La première étape de ce processus était de décrédibiliser l’action de ces leaders. En effet, la période post seconde guerre mondiale qui a vu l’émergence des nationalismes africains était aussi la période de la guerre froide marquée par une opposition idéologico-politique et économique entre le Bloc capitaliste, libéral de l’ouest dirigé par les Etats-Unis et le Bloc de l’est communiste dirigé par l’Union des Républiques Socialistes et Soviétiques (URSS). Décrédibiliser l’action de ces nationalistes à cette époque consistait à leur attribuer arbitrairement la casquette de communiste car l’idée que se faisaient les opinions africaines de ce communisme était imposée par l’occident capitaliste. C’était une idée néfaste. En plus, l’Eglise Catholique utilisait le même subterfuge pour amener les populations à sortir de ces partis politiques. Au Cameroun, par exemple, la lettre des évêques Camerounais aux chrétiens à la fête de pâques en 1955 faisaient état de cela : « Nous mettons les chrétiens en garde contre les tendances du Parti Politique connu sous le nom de l’Union des Populations du Cameroun ». Comme le disait si bien Um Nyobe et Lumumba, ils n’ont rien à nous reproché et ils disent que nous sommes communistes.
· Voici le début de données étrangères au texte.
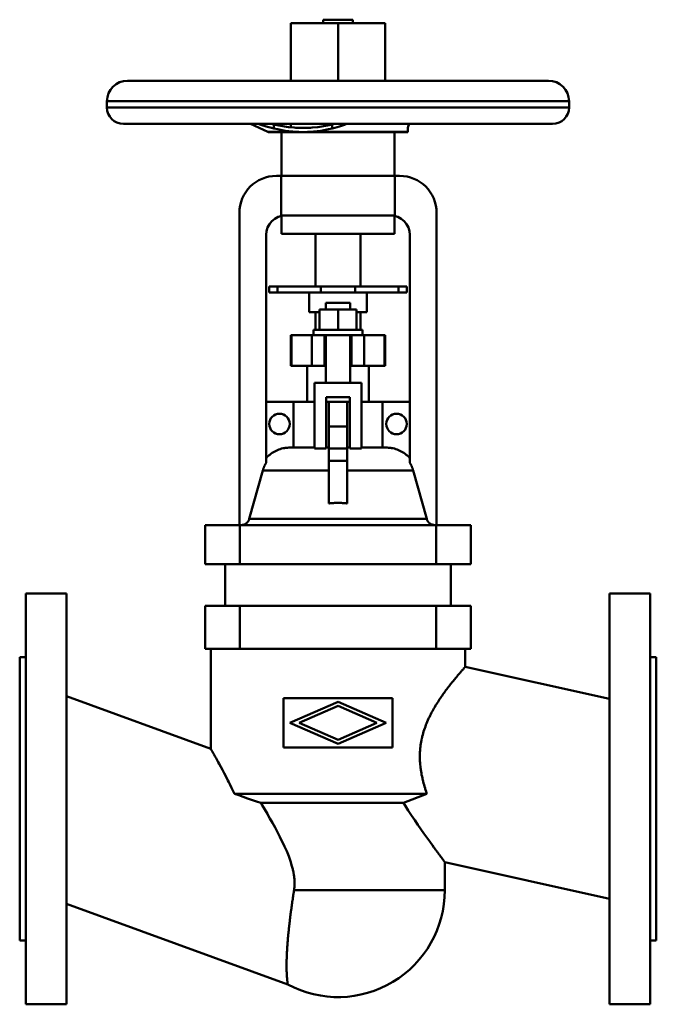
# Model space of a CAD drawing. Header units: millimetres. Extents: x 0 to 310, y -100 to 379.
import ezdxf

# ---------------------------------------------------------------- set-up
doc = ezdxf.new("R2010")
doc.units = ezdxf.units.MM
doc.layers.add('AM_0', color=7, linetype='Continuous', lineweight=30)

msp = doc.modelspace()

# ---------------------------------------------------------------- linework, layer by layer
at = {"layer": 'AM_0', "color": 7, "linetype": 'Continuous', "lineweight": 50}
for p, q in [((147.75, 379.3), (147.75, 377.6)), ((147.75, 379.3), (162.25, 379.3)), ((162.25, 377.6), (162.25, 379.3)), ((132, 377.6), (178, 377.6)), ((132, 377.6), (132, 349.6)), ((155, 377.6), (155, 349.6)), ((178, 377.6), (178, 349.6)), ((52.5, 349.6), (257.5, 349.6)), ((42.5, 339.6), (42.5, 336.6)), ((42.5, 339.6), (267.5, 339.6)), ((42.5, 336.6), (267.5, 336.6)), ((267.5, 336.6), (267.5, 339.6)), ((50.5, 328.6), (259.5, 328.6)), ((112.39, 328.6), (120.8, 324.69)), ((122.75, 328.6), (123.78, 328.35)), ((123.78, 328.35), (123.78, 326.35)), ((132, 328.6), (132, 326.92)), ((152.22, 328.35), (153.26, 328.6)), ((152.22, 328.35), (152.22, 326.35)), ((189, 324.62), (189, 326.35)), ((120.8, 324.69), (134.8, 324.69)), ((121.22, 324.6), (188.78, 324.6)), ((127.5, 324.6), (127.5, 303.3)), ((141.2, 324.69), (189, 324.69)), ((182.5, 303.3), (182.5, 324.6)), ((125, 303.3), (185, 303.3)), ((127.29, 284), (127.29, 303.3)), ((182.71, 303.3), (182.71, 284)), ((107, 133.3), (107, 285.3)), ((127.29, 284), (182.71, 284)), ((127.5, 283.79), (127.5, 275)), ((182.5, 275), (182.5, 283.79)), ((203, 285.3), (203, 133.3)), ((120, 274.5), (120, 163.57)), ((127.5, 275), (182.5, 275)), ((144, 275), (144, 249.5)), ((166, 249.5), (166, 275)), ((190, 163.57), (190, 274.5)), ((121.5, 249.5), (188.5, 249.5)), ((121.5, 249.5), (121.5, 246.5)), ((125.54, 249.5), (125.54, 246.5)), ((146.58, 249.5), (146.58, 246.5)), ((163.42, 249.5), (163.42, 246.5)), ((184.46, 249.5), (184.46, 246.5)), ((188.5, 249.5), (188.5, 246.5)), ((121.5, 246.5), (188.5, 246.5)), ((141, 246.5), (141, 237)), ((169, 237), (169, 246.5)), ((149, 241.5), (149, 238.3)), ((149, 241.5), (161, 241.5)), ((161, 238.3), (161, 241.5)), ((141, 237), (146, 237)), ((144, 237), (144, 228.3)), ((146, 228.3), (146, 238.3)), ((164, 238.3), (146, 238.3)), ((155, 228.3), (155, 238.3)), ((164, 228.3), (164, 238.3)), ((164, 237), (169, 237)), ((166, 228.3), (166, 237)), ((132, 225.8), (132, 210.8)), ((178, 225.8), (132, 225.8)), ((132.36, 210.8), (132.36, 225.8)), ((142.3, 210.8), (142.3, 225.8)), ((143, 228.3), (143, 225.8)), ((167, 228.3), (143, 228.3)), ((148.5, 210.8), (148.5, 225.8)), ((149, 225.8), (149, 202.5)), ((161, 202.5), (161, 225.8)), ((161.5, 210.8), (161.5, 225.8)), ((167, 225.8), (167, 228.3)), ((167.7, 210.8), (167.7, 225.8)), ((177.64, 210.8), (177.64, 225.8)), ((178, 210.8), (178, 225.8)), ((132, 210.8), (149, 210.8)), ((140, 210.8), (140, 193.3)), ((161, 210.8), (178, 210.8)), ((170, 193.3), (170, 210.8)), ((143.5, 170.5), (143.5, 202.5)), ((143.5, 202.5), (166.5, 202.5)), ((166.5, 202.5), (166.5, 170.5)), ((120, 193.3), (143.49, 193.3)), ((133.37, 171), (133.37, 193.3)), ((149.24, 193.3), (160.76, 193.3)), ((149.25, 195.5), (149.25, 170.5)), ((160.75, 195.5), (149.25, 195.5)), ((150.5, 143.82), (150.5, 193.3)), ((159.5, 143.82), (159.5, 193.3)), ((160.75, 170.5), (160.75, 195.5)), ((166.51, 193.3), (190, 193.3)), ((176.63, 193.3), (176.63, 171)), ((150.5, 181.3), (159.5, 181.3)), ((131.45, 171), (143.49, 171)), ((149.25, 170.5), (143.5, 170.5)), ((149.24, 171), (150.5, 171)), ((150.5, 170.52), (159.5, 170.52)), ((159.5, 171), (160.76, 171)), ((166.5, 170.5), (160.75, 170.5)), ((166.51, 171), (178.55, 171)), ((150.5, 164.52), (159.5, 164.52)), ((111.8, 136.26), (118.39, 159.88)), ((118.39, 159.88), (150.5, 159.88)), ((159.5, 159.88), (191.61, 159.88)), ((191.61, 159.88), (198.2, 136.26)), ((111.8, 136.26), (198.2, 136.26)), ((90.27, 133.3), (90.27, 114.3)), ((90.27, 133.3), (219.73, 133.3)), ((107.27, 133.3), (107.27, 114.3)), ((202.73, 133.3), (202.73, 114.3)), ((219.73, 133.3), (219.73, 114.3)), ((219.73, 114.3), (90.27, 114.3)), ((100, 114.3), (100, 94)), ((210, 94), (210, 114.3)), ((22.8, 100), (3, 100)), ((3, 100), (3, -100)), ((22.8, -100), (22.8, 100)), ((307, 100), (287.2, 100)), ((287.2, -100), (287.2, 100)), ((307, -100), (307, 100)), ((90.27, 94), (90.27, 73)), ((90.27, 94), (219.73, 94)), ((107.27, 94), (107.27, 73)), ((202.73, 94), (202.73, 73)), ((219.73, 94), (219.73, 73)), ((219.73, 73), (90.27, 73)), ((93, 73), (93, 24.43)), ((217, 64.3), (217, 73)), ((3, 69), (0, 69)), ((0, -69), (0, 69)), ((310, 69), (307, 69)), ((310, 69), (310, -69)), ((287.2, 48.66), (217, 64.3)), ((93, 24.43), (22.8, 50.03)), ((181.5, 49), (128.5, 49)), ((128.5, 49), (128.5, 25)), ((181.5, 25), (181.5, 49)), ((131.5, 37), (155, 47.2)), ((155, 45.24), (136.02, 37)), ((155, 47.2), (178.5, 37)), ((173.98, 37), (155, 45.24)), ((155, 26.8), (131.5, 37)), ((136.02, 37), (155, 28.76)), ((178.5, 37), (155, 26.8)), ((155, 28.76), (173.98, 37)), ((128.5, 25), (181.5, 25)), ((198.29, 2.48), (104.6, 2.48)), ((198.29, 2.48), (186.83, -2)), ((186.83, -2), (117.43, -2)), ((207, -44.5), (207, -30.8)), ((207, -30.8), (287.2, -48.66)), ((207, -44.5), (133.58, -44.5)), ((22.8, -51.09), (130.55, -90.39)), ((0, -69), (3, -69)), ((307, -69), (310, -69)), ((3, -100), (22.8, -100)), ((287.2, -100), (307, -100))]:
    msp.add_line(p, q, dxfattribs=at)
for points in [[(123.78, 326.35), (122.55, 326.65), (120.05, 327.35), (117.49, 328.15), (116.19, 328.6)], [(123.78, 328.35), (126.17, 327.83), (130.87, 327.06), (133.6, 326.78), (134.39, 326.72), (135.18, 326.67), (135.58, 326.65), (135.98, 326.64), (136.78, 326.61), (137.59, 326.6), (138, 326.6)], [(134.8, 324.69), (132.95, 324.83), (129.3, 325.27), (125.64, 325.94), (123.78, 326.35)], [(138, 326.6), (138.41, 326.6), (139.22, 326.61), (140.02, 326.64), (140.42, 326.65), (140.82, 326.67), (141.61, 326.72), (142.4, 326.78), (145.13, 327.06), (149.83, 327.83), (152.22, 328.35)], [(152.22, 326.35), (150.36, 325.94), (146.7, 325.27), (143.05, 324.83), (141.2, 324.69)], [(159.2, 328.6), (158.09, 328.16), (155.81, 327.35), (153.43, 326.65), (152.22, 326.35)], [(189, 326.35), (189.02, 326.65), (189.16, 327.34), (189.43, 328.14), (189.62, 328.58)], [(141.2, 324.69), (140.12, 324.65), (138, 324.62), (135.88, 324.65), (134.8, 324.69)], [(120, 165.82), (120.24, 166.09), (120.72, 166.59), (121.22, 167.07), (121.49, 167.3), (121.76, 167.53), (122.34, 167.99), (122.94, 168.42), (123.57, 168.81), (124.2, 169.18), (124.85, 169.5), (125.17, 169.65), (125.49, 169.79), (126.13, 170.05), (126.8, 170.28), (127.5, 170.48), (128.22, 170.66), (128.95, 170.8), (129.31, 170.85), (129.68, 170.9), (130.4, 170.96), (131.11, 171), (131.45, 171)], [(178.55, 171), (178.89, 171), (179.6, 170.96), (180.32, 170.9), (180.69, 170.85), (181.05, 170.8), (181.78, 170.66), (182.5, 170.48), (183.2, 170.28), (183.87, 170.05), (184.51, 169.79), (184.83, 169.65), (185.15, 169.5), (185.8, 169.18), (186.43, 168.81), (187.06, 168.42), (187.66, 167.99), (188.24, 167.53), (188.51, 167.3), (188.78, 167.07), (189.28, 166.59), (189.76, 166.09), (190, 165.82)], [(118.39, 159.88), (118.42, 159.99), (118.48, 160.2), (118.54, 160.41), (118.58, 160.51), (118.61, 160.61), (118.68, 160.81), (118.75, 161.01), (118.83, 161.22), (118.91, 161.42), (119, 161.63), (119.05, 161.73), (119.09, 161.84), (119.18, 162.05), (119.28, 162.25), (119.38, 162.46), (119.49, 162.66), (119.6, 162.87), (119.65, 162.97), (119.71, 163.07), (119.82, 163.27), (119.94, 163.47), (120, 163.57)], [(190, 163.57), (190.06, 163.47), (190.18, 163.27), (190.29, 163.07), (190.35, 162.97), (190.4, 162.87), (190.51, 162.66), (190.62, 162.46), (190.72, 162.25), (190.82, 162.05), (190.91, 161.84), (190.95, 161.73), (191, 161.63), (191.09, 161.42), (191.17, 161.22), (191.25, 161.01), (191.32, 160.81), (191.39, 160.61), (191.42, 160.51), (191.46, 160.41), (191.52, 160.2), (191.58, 159.99), (191.61, 159.88)], [(159.5, 143.82), (159.25, 143.85), (158.75, 143.91), (158.25, 143.95), (158, 143.98), (157.75, 144), (157.25, 144.03), (156.75, 144.06), (156.25, 144.08), (155.75, 144.09), (155.25, 144.1), (155, 144.1), (154.75, 144.1), (154.25, 144.09), (153.75, 144.08), (153.25, 144.06), (152.75, 144.03), (152.25, 144), (152, 143.98), (151.75, 143.95), (151.25, 143.91), (150.75, 143.85), (150.5, 143.82)], [(107.81, 133.3), (107.95, 133.3), (108.12, 133.31), (108.17, 133.32), (108.22, 133.32), (108.25, 133.32), (108.27, 133.33), (108.32, 133.33), (108.37, 133.34), (108.42, 133.34), (108.47, 133.35), (108.52, 133.36), (108.55, 133.36), (108.57, 133.37), (108.62, 133.38), (108.67, 133.39), (108.7, 133.39), (108.72, 133.4), (108.77, 133.41), (108.82, 133.42), (108.85, 133.43), (108.87, 133.43), (108.92, 133.45), (108.97, 133.46), (109.13, 133.51), (109.4, 133.61), (109.56, 133.68), (109.6, 133.7), (109.64, 133.72), (109.67, 133.73), (109.69, 133.74), (109.73, 133.76), (109.78, 133.78), (109.82, 133.81), (109.87, 133.83), (109.91, 133.86), (109.93, 133.87), (109.95, 133.88), (110, 133.91), (110.04, 133.93), (110.08, 133.96), (110.13, 133.99), (110.17, 134.02), (110.19, 134.03), (110.21, 134.05), (110.25, 134.08), (110.29, 134.1), (110.31, 134.12), (110.33, 134.13), (110.37, 134.17), (110.41, 134.2), (110.43, 134.21), (110.45, 134.23), (110.49, 134.26), (110.53, 134.29), (110.66, 134.4), (110.77, 134.52), (110.81, 134.55), (110.84, 134.59), (110.86, 134.6), (110.87, 134.62), (110.91, 134.66), (110.94, 134.69), (110.97, 134.73), (111.01, 134.77), (111.04, 134.81), (111.05, 134.83), (111.07, 134.84), (111.1, 134.88), (111.13, 134.92), (111.16, 134.96), (111.19, 135.01), (111.22, 135.05), (111.24, 135.07), (111.25, 135.09), (111.28, 135.13), (111.31, 135.17), (111.33, 135.22), (111.36, 135.26), (111.39, 135.3), (111.4, 135.32), (111.41, 135.35), (111.44, 135.39), (111.46, 135.43), (111.47, 135.45), (111.48, 135.48), (111.51, 135.52), (111.53, 135.56), (111.54, 135.59), (111.55, 135.61), (111.57, 135.65), (111.59, 135.7), (111.61, 135.74), (111.63, 135.78), (111.65, 135.82), (111.66, 135.85), (111.67, 135.87), (111.68, 135.91), (111.7, 135.96), (111.72, 136), (111.73, 136.05), (111.75, 136.1), (111.76, 136.12), (111.76, 136.14), (111.78, 136.19), (111.79, 136.24), (111.8, 136.26)], [(198.2, 136.26), (198.21, 136.24), (198.22, 136.19), (198.24, 136.14), (198.24, 136.12), (198.25, 136.1), (198.27, 136.05), (198.28, 136), (198.3, 135.96), (198.32, 135.91), (198.33, 135.87), (198.34, 135.85), (198.35, 135.82), (198.37, 135.78), (198.39, 135.74), (198.41, 135.7), (198.43, 135.65), (198.45, 135.61), (198.46, 135.59), (198.47, 135.56), (198.49, 135.52), (198.52, 135.48), (198.53, 135.45), (198.54, 135.43), (198.56, 135.39), (198.59, 135.35), (198.6, 135.32), (198.61, 135.3), (198.64, 135.26), (198.67, 135.22), (198.69, 135.17), (198.72, 135.13), (198.75, 135.09), (198.76, 135.07), (198.78, 135.05), (198.81, 135.01), (198.84, 134.96), (198.87, 134.92), (198.9, 134.88), (198.93, 134.84), (198.95, 134.83), (198.96, 134.81), (198.99, 134.77), (199.03, 134.73), (199.06, 134.69), (199.09, 134.66), (199.13, 134.62), (199.14, 134.6), (199.16, 134.59), (199.19, 134.55), (199.23, 134.52), (199.26, 134.48), (199.29, 134.45), (199.33, 134.42), (199.34, 134.4), (199.36, 134.39), (199.4, 134.35), (199.43, 134.32), (199.47, 134.29), (199.51, 134.26), (199.55, 134.23), (199.57, 134.21), (199.59, 134.2), (199.63, 134.17), (199.67, 134.13), (199.69, 134.12), (199.71, 134.1), (199.75, 134.08), (199.79, 134.05), (199.81, 134.03), (199.83, 134.02), (199.87, 133.99), (199.92, 133.96), (199.96, 133.93), (200, 133.91), (200.05, 133.88), (200.07, 133.87), (200.09, 133.86), (200.13, 133.83), (200.18, 133.81), (200.33, 133.73), (200.6, 133.61), (200.75, 133.55), (200.8, 133.53), (200.84, 133.52), (200.87, 133.51), (200.89, 133.5), (200.94, 133.49), (200.98, 133.47), (201.03, 133.46), (201.08, 133.45), (201.13, 133.43), (201.15, 133.43), (201.18, 133.42), (201.23, 133.41), (201.28, 133.4), (201.3, 133.39), (201.33, 133.39), (201.38, 133.38), (201.43, 133.37), (201.45, 133.36), (201.48, 133.36), (201.53, 133.35), (201.58, 133.34), (201.63, 133.34), (201.68, 133.33), (201.73, 133.33), (201.75, 133.32), (201.78, 133.32), (201.83, 133.32), (201.88, 133.31), (202.05, 133.3), (202.19, 133.3)], [(217, 64.3), (217, 64.3), (216.99, 64.29), (216.96, 64.26), (216.95, 64.24), (216.93, 64.22), (216.88, 64.17), (216.82, 64.1), (216.74, 64.02), (216.66, 63.92), (216.56, 63.81), (216.5, 63.75), (216.45, 63.69), (216.32, 63.55), (216.19, 63.39), (216.04, 63.23), (215.88, 63.05), (215.71, 62.85), (215.62, 62.75), (215.52, 62.64), (215.33, 62.42), (215.12, 62.18), (215.01, 62.06), (214.9, 61.93), (214.67, 61.67), (214.43, 61.39), (214.31, 61.25), (214.18, 61.1), (213.92, 60.8), (213.65, 60.48), (213.38, 60.15), (213.09, 59.81), (212.79, 59.46), (212.64, 59.28), (212.48, 59.09), (212.17, 58.72), (211.85, 58.33), (211.52, 57.93), (211.18, 57.52), (210.84, 57.1), (210.67, 56.88), (210.5, 56.66), (210.14, 56.22), (209.79, 55.77), (209.43, 55.31), (209.06, 54.84), (208.69, 54.36), (208.51, 54.12), (208.32, 53.87), (207.95, 53.38), (207.57, 52.88), (207.2, 52.37), (206.82, 51.85), (206.44, 51.33), (206.25, 51.06), (206.06, 50.79), (205.67, 50.24), (205.28, 49.67), (204.89, 49.1), (204.5, 48.51), (204.1, 47.91), (203.9, 47.6), (203.7, 47.29), (203.31, 46.67), (202.91, 46.03), (202.71, 45.71), (202.51, 45.38), (202.12, 44.72), (201.73, 44.05), (201.53, 43.71), (201.34, 43.37), (200.96, 42.68), (200.58, 41.97), (200.21, 41.26), (199.84, 40.53), (199.48, 39.8), (199.31, 39.43), (199.13, 39.06), (198.79, 38.3), (198.46, 37.54), (198.14, 36.77), (197.83, 35.99), (197.53, 35.2), (197.38, 34.8), (197.24, 34.4), (196.97, 33.6), (196.71, 32.79), (196.47, 31.97), (196.24, 31.14), (196.02, 30.31), (195.92, 29.9), (195.83, 29.48), (195.65, 28.64), (195.49, 27.79), (195.34, 26.94), (195.22, 26.09), (195.11, 25.23), (195.06, 24.8), (195.02, 24.38), (194.95, 23.52), (194.9, 22.66), (194.86, 21.8), (194.85, 20.94), (194.85, 20.08), (194.86, 19.65), (194.87, 19.22), (194.9, 18.37), (194.96, 17.52), (194.99, 17.1), (195.02, 16.68), (195.11, 15.84), (195.21, 15), (195.26, 14.58), (195.32, 14.16), (195.45, 13.33), (195.59, 12.51), (195.74, 11.68), (195.91, 10.86), (196.08, 10.05), (196.18, 9.64), (196.27, 9.23), (196.47, 8.42), (196.69, 7.62), (196.91, 6.82), (197.14, 6.02), (197.38, 5.23), (197.5, 4.83), (197.63, 4.44), (197.89, 3.65), (198.15, 2.87), (198.29, 2.48)], [(93, 24.43), (93, 24.43), (93, 24.42), (93.01, 24.41), (93.01, 24.41), (93.02, 24.4), (93.03, 24.38), (93.04, 24.35), (93.06, 24.32), (93.08, 24.29), (93.1, 24.25), (93.11, 24.23), (93.12, 24.21), (93.15, 24.16), (93.18, 24.11), (93.21, 24.05), (93.25, 23.99), (93.29, 23.92), (93.31, 23.89), (93.33, 23.85), (93.37, 23.77), (93.42, 23.69), (93.44, 23.65), (93.47, 23.6), (93.52, 23.51), (93.57, 23.42), (93.6, 23.37), (93.63, 23.32), (93.69, 23.21), (93.75, 23.11), (93.81, 22.99), (93.88, 22.87), (93.95, 22.75), (93.99, 22.69), (94.02, 22.63), (94.1, 22.49), (94.17, 22.36), (94.25, 22.22), (94.33, 22.08), (94.42, 21.93), (94.46, 21.85), (94.5, 21.78), (94.59, 21.62), (94.68, 21.46), (95.01, 20.87), (95.64, 19.74), (96.33, 18.49), (96.7, 17.82), (97.08, 17.12), (97.88, 15.64), (98.72, 14.08), (99.59, 12.44), (100.48, 10.74), (101.38, 8.99), (101.83, 8.11), (102.28, 7.22), (103.2, 5.38), (104.13, 3.46), (104.6, 2.48)], [(117.43, -2), (115.28, -1.28), (110.92, 0.22), (106.64, 1.74), (104.6, 2.48)], [(117.43, -2), (118.06, -3.04), (119.32, -5.16), (120.59, -7.31), (121.22, -8.4), (121.85, -9.5), (123.11, -11.72), (124.35, -13.97), (125.57, -16.24), (126.75, -18.52), (127.89, -20.83), (128.45, -21.99), (128.99, -23.16), (130.02, -25.52), (130.98, -27.89), (131.85, -30.3), (132.6, -32.75), (132.97, -34.2), (133.07, -34.62), (133.16, -35.04), (133.21, -35.25), (133.25, -35.47), (133.33, -35.89), (133.41, -36.32), (133.45, -36.53), (133.48, -36.74), (133.55, -37.17), (133.61, -37.61), (133.64, -37.82), (133.66, -38.04), (133.71, -38.48), (133.75, -38.92), (133.78, -39.36), (133.81, -39.81), (133.83, -40.26), (133.83, -40.48), (133.84, -40.71), (133.84, -41.16), (133.83, -41.62), (133.82, -42.07), (133.79, -42.51), (133.76, -42.96), (133.74, -43.18), (133.72, -43.4), (133.67, -43.84), (133.61, -44.28), (133.58, -44.5)], [(186.83, -2), (187.63, -3.26), (189.22, -5.72), (190.81, -8.12), (191.59, -9.29), (192.37, -10.43), (193.9, -12.66), (195.38, -14.78), (196.83, -16.83), (198.26, -18.84), (199.64, -20.76), (200.31, -21.69), (200.96, -22.58), (201.69, -23.59), (201.89, -23.86), (202.09, -24.14), (202.19, -24.27), (202.29, -24.41), (202.48, -24.67), (202.67, -24.93), (202.86, -25.19), (203.04, -25.44), (203.23, -25.69), (203.31, -25.81), (203.4, -25.93), (203.58, -26.17), (203.75, -26.4), (203.92, -26.63), (204.08, -26.85), (204.24, -27.07), (204.32, -27.17), (204.39, -27.28), (204.55, -27.48), (204.69, -27.68), (204.84, -27.88), (204.98, -28.07), (205.11, -28.25), (205.18, -28.34), (205.24, -28.43), (205.37, -28.6), (205.49, -28.77), (205.61, -28.92), (205.72, -29.08), (205.83, -29.22), (205.89, -29.3), (205.94, -29.37), (206.04, -29.5), (206.13, -29.63), (206.18, -29.69), (206.22, -29.75), (206.31, -29.87), (206.39, -29.97), (206.43, -30.03), (206.46, -30.08), (206.54, -30.17), (206.6, -30.26), (206.66, -30.34), (206.72, -30.42), (206.77, -30.49), (206.79, -30.52), (206.82, -30.55), (206.86, -30.6), (206.89, -30.65), (206.92, -30.69), (206.95, -30.73), (206.97, -30.75), (206.98, -30.77), (206.98, -30.78), (206.99, -30.79), (207, -30.8), (207, -30.8)], [(133.58, -44.5), (133.53, -44.82), (133.43, -45.48), (133.33, -46.13), (133.28, -46.45), (133.23, -46.78), (133.13, -47.43), (133.03, -48.09), (132.94, -48.75), (132.84, -49.4), (132.75, -50.06), (132.7, -50.39), (132.65, -50.71), (132.56, -51.37), (132.47, -52.02), (132.38, -52.68), (132.29, -53.33), (132.2, -53.98), (132.16, -54.31), (132.11, -54.63), (132.03, -55.28), (131.94, -55.93), (131.9, -56.25), (131.86, -56.57), (131.78, -57.22), (131.7, -57.86), (131.66, -58.18), (131.62, -58.49), (131.54, -59.13), (131.47, -59.76), (131.4, -60.39), (131.32, -61.01), (131.25, -61.63), (131.22, -61.94), (131.19, -62.25), (131.12, -62.86), (131.05, -63.47), (130.99, -64.07), (130.93, -64.67), (130.87, -65.26), (130.84, -65.56), (130.81, -65.85), (130.76, -66.43), (130.7, -67.01), (130.65, -67.58), (130.6, -68.15), (130.55, -68.71), (130.53, -68.99), (130.51, -69.27), (130.46, -69.81), (130.42, -70.36), (130.38, -70.89), (130.34, -71.42), (130.31, -71.94), (130.29, -72.2), (130.27, -72.46), (130.24, -72.97), (130.21, -73.47), (130.18, -73.96), (130.15, -74.45), (130.13, -74.92), (130.12, -75.16), (130.11, -75.4), (130.09, -75.86), (130.07, -76.32), (130.06, -76.55), (130.05, -76.77), (130.03, -77.22), (130.02, -77.67), (130.01, -77.89), (130, -78.11), (129.99, -78.55), (129.98, -78.99), (129.97, -79.41), (129.97, -79.84), (129.96, -80.25), (129.96, -80.46), (129.96, -80.66), (129.96, -81.07), (129.96, -81.47), (129.96, -81.86), (129.96, -82.24), (129.97, -82.62), (129.97, -82.81), (129.98, -82.99), (129.98, -83.35), (129.99, -83.71), (130, -84.06), (130.02, -84.4), (130.03, -84.73), (130.04, -84.89), (130.04, -85.05), (130.06, -85.37), (130.07, -85.67), (130.09, -85.97), (130.11, -86.26), (130.13, -86.54), (130.14, -86.68), (130.15, -86.81), (130.17, -87.07), (130.19, -87.33), (130.21, -87.57), (130.23, -87.8), (130.25, -88.03), (130.26, -88.14), (130.27, -88.24), (130.29, -88.45), (130.32, -88.64), (130.33, -88.74), (130.34, -88.83), (130.36, -89), (130.38, -89.17), (130.39, -89.24), (130.4, -89.32), (130.41, -89.46), (130.43, -89.6), (130.45, -89.72), (130.46, -89.83), (130.48, -89.93), (130.48, -89.98), (130.49, -90.03), (130.5, -90.11), (130.51, -90.18), (130.52, -90.24), (130.53, -90.29), (130.54, -90.33), (130.54, -90.35), (130.54, -90.36), (130.54, -90.38), (130.55, -90.39), (130.55, -90.39)]]:
    msp.add_lwpolyline(points, dxfattribs=at)
for centre in [(126.5, 182.5), (183.5, 182.5)]:
    msp.add_circle(centre, 5, dxfattribs=at)
for centre, radius, start, end in [((52.5, 339.6), 10, 90, 180), ((257.5, 339.6), 10, 0, 90), ((50.5, 336.6), 8, 180, 270), ((259.5, 336.6), 8, 270, 0), ((121.22, 325.6), 1, 245.0782, 270), ((188.78, 325.6), 1, 270, 282.7665), ((125, 285.3), 18, 90, 180), ((185, 285.3), 18, 0, 90), ((129.5, 274.5), 9.5, 90, 180), ((180.5, 274.5), 9.5, 0, 90), ((106.43, 137.3), 4, 270, 278.1825), ((203.57, 137.3), 4, 261.8175, 270), ((155, -44.5), 52, 241.948, 0)]:
    msp.add_arc(centre, radius, start, end, dxfattribs=at)

doc.saveas('drawing.dxf')

Si défendre l’intégrité de son peuple, c’est être communiste c’est que nous le sommes effectivement.  Voici ce que Lumumba disait d’ailleurs : « Ceux qui m’accusent de communisme n’ont rien à me reprocher. Si défendre la liberté de son peuple c’est être communiste, alors je suis communiste. En Afrique, tous ceux qui sont progressistes, tous ceux qui sont pour le peuple et contre les impérialistes, ce sont des communistes, ce sont des agents de Moscou!!! Mais tout ce qui est en faveur des impérialistes, celui qui va chercher chaque fois l'argent, le mettre en poche pour lui et sa famille, c'est un homme exemplaire, les impérialistes le loueront, le béniront. Nous sommes simplement des hommes honnêtes et notre seul objectif a été: libérer notre pays, construire une nation libre et indépendante. » Cette première action n’allait pas freiner l’action des nationalistes. Les autorités mirent sur pieds un second plan.

 

Barrez-leur la route


Ce second plan que nous qualifions de cooptation consistait au recrutement de certaines élites politiques opportunistes par les puissances coloniales ou néocoloniales afin d’assigner une mission à celles-ci : empêcher aux nationalistes de parler et de se faire écouter. C’est une attitude qui a permis aux pouvoirs coloniaux de créer une élite de compromis après avoir diviser le champ politique des pays Africains. Au Cameroun, face à Um Nyobe, le pouvoir colonial a mis les partis politiques. Nous pouvons citer ici certains hommes qui avaient la charge de se rendre à l’ONU pour discréditer le discours de Um Nyobe. Nous pouvons citer, ici, deux camerounais qui se rendirent aux Nations Unies le 17 Décembre 1952 : Charles Okala et Alexandre Douala Manga Bell. Ensuite les partis collaborationnistes qui ont été créés : Bloc Démocratique Camerounais (BDC), l’Union Camerounaise (UC). En RDC, Kasavubu, Mobutu, ont été coptés pour contrecarrer Lumumba et au Burkina Faso, Blaise Compaoré a été l’opportuniste, le traitre. Après ces deux étapes, la dernière était simplement l’assassinat.

 

Il est temps de les assassiner


Um Nyobe, Patrice Lumumba et Thomas Sankara ont tous été assassinés à la fleur de l’âge comme on a l’habitude de dire.  Ils n’avaient pas encore 40 ans.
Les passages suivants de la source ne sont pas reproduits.